(Beginning of Source records)

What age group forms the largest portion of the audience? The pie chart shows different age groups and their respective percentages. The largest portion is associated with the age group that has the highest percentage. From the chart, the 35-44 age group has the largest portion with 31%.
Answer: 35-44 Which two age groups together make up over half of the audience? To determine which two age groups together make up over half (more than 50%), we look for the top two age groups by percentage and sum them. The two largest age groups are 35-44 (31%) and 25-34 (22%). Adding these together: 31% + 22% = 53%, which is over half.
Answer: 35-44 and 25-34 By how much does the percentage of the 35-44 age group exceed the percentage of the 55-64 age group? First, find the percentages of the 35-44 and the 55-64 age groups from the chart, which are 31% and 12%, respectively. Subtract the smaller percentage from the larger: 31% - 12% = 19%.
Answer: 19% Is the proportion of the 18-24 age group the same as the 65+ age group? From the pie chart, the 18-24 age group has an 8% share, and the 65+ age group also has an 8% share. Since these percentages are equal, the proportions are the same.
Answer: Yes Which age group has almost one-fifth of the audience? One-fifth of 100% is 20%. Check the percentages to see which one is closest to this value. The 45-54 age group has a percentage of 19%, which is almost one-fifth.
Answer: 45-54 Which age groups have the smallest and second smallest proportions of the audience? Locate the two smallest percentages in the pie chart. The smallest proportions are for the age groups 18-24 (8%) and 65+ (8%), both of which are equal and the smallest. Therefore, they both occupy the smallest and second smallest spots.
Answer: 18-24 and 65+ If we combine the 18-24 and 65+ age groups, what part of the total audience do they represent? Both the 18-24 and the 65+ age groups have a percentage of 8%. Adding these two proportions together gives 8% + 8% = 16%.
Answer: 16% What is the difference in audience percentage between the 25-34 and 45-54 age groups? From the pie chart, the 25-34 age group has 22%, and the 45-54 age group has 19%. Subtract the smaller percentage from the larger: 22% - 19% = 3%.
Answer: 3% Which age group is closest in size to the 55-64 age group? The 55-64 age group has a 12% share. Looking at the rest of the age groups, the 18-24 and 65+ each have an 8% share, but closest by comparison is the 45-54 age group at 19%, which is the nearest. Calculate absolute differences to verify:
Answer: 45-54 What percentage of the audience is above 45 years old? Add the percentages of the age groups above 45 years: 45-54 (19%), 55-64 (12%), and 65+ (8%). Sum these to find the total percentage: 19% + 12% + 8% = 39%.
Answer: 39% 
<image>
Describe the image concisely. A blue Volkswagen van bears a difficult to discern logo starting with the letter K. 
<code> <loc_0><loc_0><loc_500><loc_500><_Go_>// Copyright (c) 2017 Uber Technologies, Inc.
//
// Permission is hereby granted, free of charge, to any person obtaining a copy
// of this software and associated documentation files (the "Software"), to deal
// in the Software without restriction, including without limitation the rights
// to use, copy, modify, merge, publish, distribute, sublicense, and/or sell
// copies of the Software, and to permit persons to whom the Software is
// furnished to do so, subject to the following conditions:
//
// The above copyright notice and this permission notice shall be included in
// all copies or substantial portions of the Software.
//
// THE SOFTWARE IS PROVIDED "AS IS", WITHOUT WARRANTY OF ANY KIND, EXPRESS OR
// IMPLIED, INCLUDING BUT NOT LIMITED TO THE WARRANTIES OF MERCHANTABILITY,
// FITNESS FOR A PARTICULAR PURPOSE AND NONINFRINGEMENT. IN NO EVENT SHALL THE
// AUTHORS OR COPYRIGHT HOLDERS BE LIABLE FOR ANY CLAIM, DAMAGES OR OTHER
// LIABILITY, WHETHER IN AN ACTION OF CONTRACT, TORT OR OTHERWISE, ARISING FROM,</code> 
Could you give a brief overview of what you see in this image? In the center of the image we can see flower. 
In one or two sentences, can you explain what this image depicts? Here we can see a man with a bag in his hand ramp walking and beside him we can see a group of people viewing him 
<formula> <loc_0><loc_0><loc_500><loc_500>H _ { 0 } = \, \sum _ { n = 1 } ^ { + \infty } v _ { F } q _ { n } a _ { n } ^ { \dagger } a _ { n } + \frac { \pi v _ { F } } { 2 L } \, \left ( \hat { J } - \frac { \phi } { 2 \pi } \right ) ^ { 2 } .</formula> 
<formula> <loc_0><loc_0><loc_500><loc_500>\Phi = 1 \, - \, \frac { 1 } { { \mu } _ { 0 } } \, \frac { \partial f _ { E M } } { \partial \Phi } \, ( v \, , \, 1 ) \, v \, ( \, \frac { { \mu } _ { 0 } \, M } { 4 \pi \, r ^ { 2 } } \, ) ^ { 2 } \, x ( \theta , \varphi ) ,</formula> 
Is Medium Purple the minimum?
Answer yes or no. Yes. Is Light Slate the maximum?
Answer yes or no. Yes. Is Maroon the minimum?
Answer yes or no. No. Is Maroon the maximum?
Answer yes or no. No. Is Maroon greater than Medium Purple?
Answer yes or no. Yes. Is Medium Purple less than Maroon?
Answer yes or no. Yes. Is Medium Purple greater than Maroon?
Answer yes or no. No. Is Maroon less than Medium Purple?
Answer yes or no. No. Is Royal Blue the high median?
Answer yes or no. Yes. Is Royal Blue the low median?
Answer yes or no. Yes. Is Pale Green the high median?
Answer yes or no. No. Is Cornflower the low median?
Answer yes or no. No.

(End of Source records)

## [Aim of the task]
Reproduce all the records precisely.

## [Result below]
What age group forms the largest portion of the audience? The pie chart shows different age groups and their respective percentages. The largest portion is associated with the age group that has the highest percentage. From the chart, the 35-44 age group has the largest portion with 31%.
Answer: 35-44 Which two age groups together make up over half of the audience? To determine which two age groups together make up over half (more than 50%), we look for the top two age groups by percentage and sum them. The two largest age groups are 35-44 (31%) and 25-34 (22%). Adding these together: 31% + 22% = 53%, which is over half.
Answer: 35-44 and 25-34 By how much does the percentage of the 35-44 age group exceed the percentage of the 55-64 age group? First, find the percentages of the 35-44 and the 55-64 age groups from the chart, which are 31% and 12%, respectively. Subtract the smaller percentage from the larger: 31% - 12% = 19%.
Answer: 19% Is the proportion of the 18-24 age group the same as the 65+ age group? From the pie chart, the 18-24 age group has an 8% share, and the 65+ age group also has an 8% share. Since these percentages are equal, the proportions are the same.
Answer: Yes Which age group has almost one-fifth of the audience? One-fifth of 100% is 20%. Check the percentages to see which one is closest to this value. The 45-54 age group has a percentage of 19%, which is almost one-fifth.
Answer: 45-54 Which age groups have the smallest and second smallest proportions of the audience? Locate the two smallest percentages in the pie chart. The smallest proportions are for the age groups 18-24 (8%) and 65+ (8%), both of which are equal and the smallest. Therefore, they both occupy the smallest and second smallest spots.
Answer: 18-24 and 65+ If we combine the 18-24 and 65+ age groups, what part of the total audience do they represent? Both the 18-24 and the 65+ age groups have a percentage of 8%. Adding these two proportions together gives 8% + 8% = 16%.
Answer: 16% What is the difference in audience percentage between the 25-34 and 45-54 age groups? From the pie chart, the 25-34 age group has 22%, and the 45-54 age group has 19%. Subtract the smaller percentage from the larger: 22% - 19% = 3%.
Answer: 3% Which age group is closest in size to the 55-64 age group? The 55-64 age group has a 12% share. Looking at the rest of the age groups, the 18-24 and 65+ each have an 8% share, but closest by comparison is the 45-54 age group at 19%, which is the nearest. Calculate absolute differences to verify:
Answer: 45-54 What percentage of the audience is above 45 years old? Add the percentages of the age groups above 45 years: 45-54 (19%), 55-64 (12%), and 65+ (8%). Sum these to find the total percentage: 19% + 12% + 8% = 39%.
Answer: 39% 
<image>
Describe the image concisely. A blue Volkswagen van bears a difficult to discern logo starting with the letter K. 
<code> <loc_0><loc_0><loc_500><loc_500><_Go_>// Copyright (c) 2017 Uber Technologies, Inc.
//
// Permission is hereby granted, free of charge, to any person obtaining a copy
// of this software and associated documentation files (the "Software"), to deal
// in the Software without restriction, including without limitation the rights
// to use, copy, modify, merge, publish, distribute, sublicense, and/or sell
// copies of the Software, and to permit persons to whom the Software is
// furnished to do so, subject to the following conditions:
//
// The above copyright notice and this permission notice shall be included in
// all copies or substantial portions of the Software.
//
// THE SOFTWARE IS PROVIDED "AS IS", WITHOUT WARRANTY OF ANY KIND, EXPRESS OR
// IMPLIED, INCLUDING BUT NOT LIMITED TO THE WARRANTIES OF MERCHANTABILITY,
// FITNESS FOR A PARTICULAR PURPOSE AND NONINFRINGEMENT. IN NO EVENT SHALL THE
// AUTHORS OR COPYRIGHT HOLDERS BE LIABLE FOR ANY CLAIM, DAMAGES OR OTHER
// LIABILITY, WHETHER IN AN ACTION OF CONTRACT, TORT OR OTHERWISE, ARISING FROM,</code> 
Could you give a brief overview of what you see in this image? In the center of the image we can see flower. 
In one or two sentences, can you explain what this image depicts? Here we can see a man with a bag in his hand ramp walking and beside him we can see a group of people viewing him 
<formula> <loc_0><loc_0><loc_500><loc_500>H _ { 0 } = \, \sum _ { n = 1 } ^ { + \infty } v _ { F } q _ { n } a _ { n } ^ { \dagger } a _ { n } + \frac { \pi v _ { F } } { 2 L } \, \left ( \hat { J } - \frac { \phi } { 2 \pi } \right ) ^ { 2 } .</formula> 
<formula> <loc_0><loc_0><loc_500><loc_500>\Phi = 1 \, - \, \frac { 1 } { { \mu } _ { 0 } } \, \frac { \partial f _ { E M } } { \partial \Phi } \, ( v \, , \, 1 ) \, v \, ( \, \frac { { \mu } _ { 0 } \, M } { 4 \pi \, r ^ { 2 } } \, ) ^ { 2 } \, x ( \theta , \varphi ) ,</formula> 
Is Medium Purple the minimum?
Answer yes or no. Yes. Is Light Slate the maximum?
Answer yes or no. Yes. Is Maroon the minimum?
Answer yes or no. No. Is Maroon the maximum?
Answer yes or no. No. Is Maroon greater than Medium Purple?
Answer yes or no. Yes. Is Medium Purple less than Maroon?
Answer yes or no. Yes. Is Medium Purple greater than Maroon?
Answer yes or no. No. Is Maroon less than Medium Purple?
Answer yes or no. No. Is Royal Blue the high median?
Answer yes or no. Yes. Is Royal Blue the low median?
Answer yes or no. Yes. Is Pale Green the high median?
Answer yes or no. No. Is Cornflower the low median?
Answer yes or no. No.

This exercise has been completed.